Endocrinologists must screen for nonalcoholic fatty liver disease as a complication of type 2 diabetes
Prevalence of nonalcoholic fatty liver disease — and its more severe stage, nonalcoholic steatohepatitis, or NASH, in particular — is increasing in developed countries. The condition has surpassed alcoholism as a cause of cirrhosis and will soon be the primary cause of liver transplantation in the United States, exceeding hepatitis C, according to Kenneth Cusi, MD, FACP, FACE, chief of the division of endocrinology, diabetes and metabolism at University of Florida.
Cusi, who is an Endocrine Today Editorial Board Member, discussed the pathophysiology, diagnosis and management of NASH ahead of the first symposium on the topic to be held during the American Diabetes Association Scientific Sessions. For the first time in 2019, the ADA began recommending screening for liver fibrosis in patients with type 2 diabetes suspected of having nonalcoholic fatty liver disease.
Why are we seeing a rise in interest in NASH now?
Cusi: Because liver cirrhosis takes about 20 or more years to develop, we are just now beginning to see the consequences of the epidemics of obesity and type 2 diabetes that started worsening in the last 2 to 3 decades. We think the common denominator is insulin resistance.

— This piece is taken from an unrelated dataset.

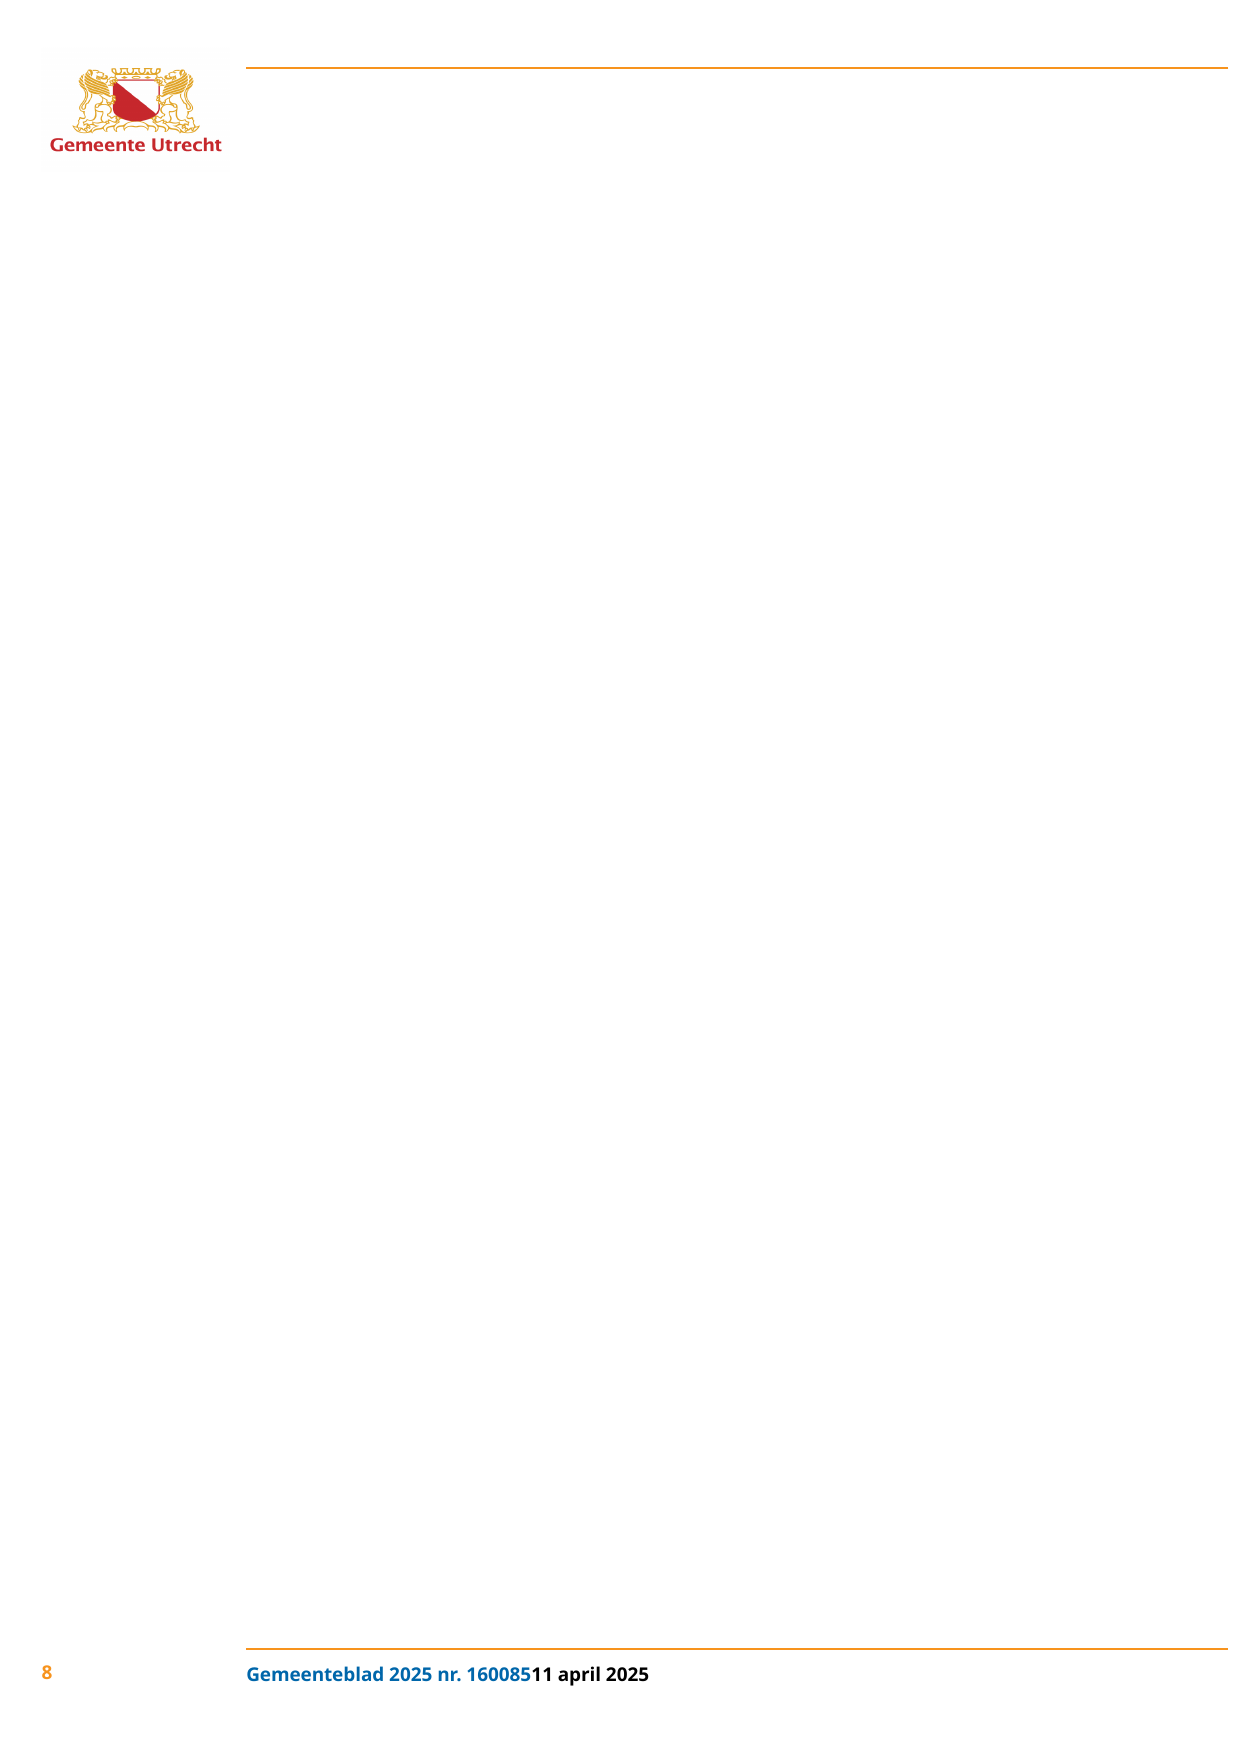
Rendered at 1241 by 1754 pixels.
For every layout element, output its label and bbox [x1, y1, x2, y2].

picture [41, 47, 231, 172]

What obesity does, and it’s worsened by developing type 2 diabetes, is to increase adipose tissue mass. This fat is a “sicker” fat and quite in contrast to that of a lean person. “Sick fat” cannot hold to its excess energy depots and continually releases energy stored in triglycerides into the circulation as free fatty acids. Other body tissues, such as skeletal muscle and the liver, are poorly adapted to deal with that excess flow of free fatty acids and the formation of other toxic lipids in these tissues. They likely impair mitochondrial function and trigger signals that cause inflammation and decrease the response to insulin. This has been broadly labeled as causing cellular “lipotoxicity.” In the liver, this is believed to drive several pathways that promote cirrhosis, although there are likely multiple yet poorly understood mechanisms. In skeletal muscle, excess free fatty acids may exacerbate insulin resistance, and even impair pancreatic beta-cell function worsening insulin secretion, which, taken together, make diabetes much more difficult to control.

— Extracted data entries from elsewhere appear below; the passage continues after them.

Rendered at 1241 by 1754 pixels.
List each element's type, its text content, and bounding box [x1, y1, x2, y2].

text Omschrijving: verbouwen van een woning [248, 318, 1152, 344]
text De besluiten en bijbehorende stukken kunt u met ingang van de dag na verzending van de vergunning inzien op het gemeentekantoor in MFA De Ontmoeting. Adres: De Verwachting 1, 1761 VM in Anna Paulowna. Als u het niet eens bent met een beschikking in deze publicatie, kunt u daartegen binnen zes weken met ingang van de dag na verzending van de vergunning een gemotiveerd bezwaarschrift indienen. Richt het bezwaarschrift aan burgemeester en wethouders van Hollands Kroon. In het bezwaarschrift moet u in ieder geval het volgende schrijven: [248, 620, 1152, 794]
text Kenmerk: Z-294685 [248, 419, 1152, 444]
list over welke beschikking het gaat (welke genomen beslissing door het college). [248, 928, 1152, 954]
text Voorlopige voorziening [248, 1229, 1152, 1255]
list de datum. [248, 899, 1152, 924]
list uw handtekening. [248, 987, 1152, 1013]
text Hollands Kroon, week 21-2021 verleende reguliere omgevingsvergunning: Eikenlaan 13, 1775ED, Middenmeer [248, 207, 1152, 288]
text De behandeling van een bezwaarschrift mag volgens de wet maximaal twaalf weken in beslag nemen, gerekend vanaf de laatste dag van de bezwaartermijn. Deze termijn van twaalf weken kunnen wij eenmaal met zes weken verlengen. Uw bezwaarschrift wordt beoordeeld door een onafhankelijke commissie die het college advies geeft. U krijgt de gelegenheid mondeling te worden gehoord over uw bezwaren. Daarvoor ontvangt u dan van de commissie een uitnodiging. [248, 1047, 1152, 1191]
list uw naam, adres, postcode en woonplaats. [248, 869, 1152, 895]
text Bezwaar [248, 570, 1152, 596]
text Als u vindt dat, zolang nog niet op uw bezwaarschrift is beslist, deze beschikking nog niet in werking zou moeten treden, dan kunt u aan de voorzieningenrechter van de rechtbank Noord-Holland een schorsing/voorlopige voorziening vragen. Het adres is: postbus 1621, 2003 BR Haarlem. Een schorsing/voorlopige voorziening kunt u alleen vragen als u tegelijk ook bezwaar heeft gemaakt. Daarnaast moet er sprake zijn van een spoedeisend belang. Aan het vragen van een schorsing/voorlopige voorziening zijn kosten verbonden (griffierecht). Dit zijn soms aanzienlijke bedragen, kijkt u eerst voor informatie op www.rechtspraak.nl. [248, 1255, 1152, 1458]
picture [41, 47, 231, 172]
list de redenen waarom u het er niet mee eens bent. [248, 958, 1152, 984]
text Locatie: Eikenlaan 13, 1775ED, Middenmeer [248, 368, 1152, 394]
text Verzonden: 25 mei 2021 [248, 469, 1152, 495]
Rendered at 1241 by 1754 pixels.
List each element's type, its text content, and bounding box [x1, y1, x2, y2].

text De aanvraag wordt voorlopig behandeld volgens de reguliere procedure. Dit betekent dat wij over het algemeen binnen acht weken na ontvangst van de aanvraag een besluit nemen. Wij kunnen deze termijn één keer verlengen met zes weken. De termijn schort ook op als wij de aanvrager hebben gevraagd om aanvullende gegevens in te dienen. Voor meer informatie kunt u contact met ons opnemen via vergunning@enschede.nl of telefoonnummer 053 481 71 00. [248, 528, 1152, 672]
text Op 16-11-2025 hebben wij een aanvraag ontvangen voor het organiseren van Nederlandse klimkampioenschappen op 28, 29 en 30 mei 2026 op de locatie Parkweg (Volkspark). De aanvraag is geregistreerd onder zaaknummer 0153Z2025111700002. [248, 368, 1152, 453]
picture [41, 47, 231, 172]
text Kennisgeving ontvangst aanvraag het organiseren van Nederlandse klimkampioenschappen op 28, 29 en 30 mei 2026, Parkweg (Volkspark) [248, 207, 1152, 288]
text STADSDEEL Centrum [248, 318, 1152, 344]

There are analogies between NASH and diabetic nephropathy. First, both conditions are preventable with an early diagnosis. Second, there is a long period of time when the patient is asymptomatic and given a false sense of security. And third, early diagnosis is essential as the disease is reversable, unless too late. Thirty years ago, we began measuring albumin in the urine and preventing diabetic nephropathy. Today with NASH, we are where we were 30 years ago before routinely using albumin measurements.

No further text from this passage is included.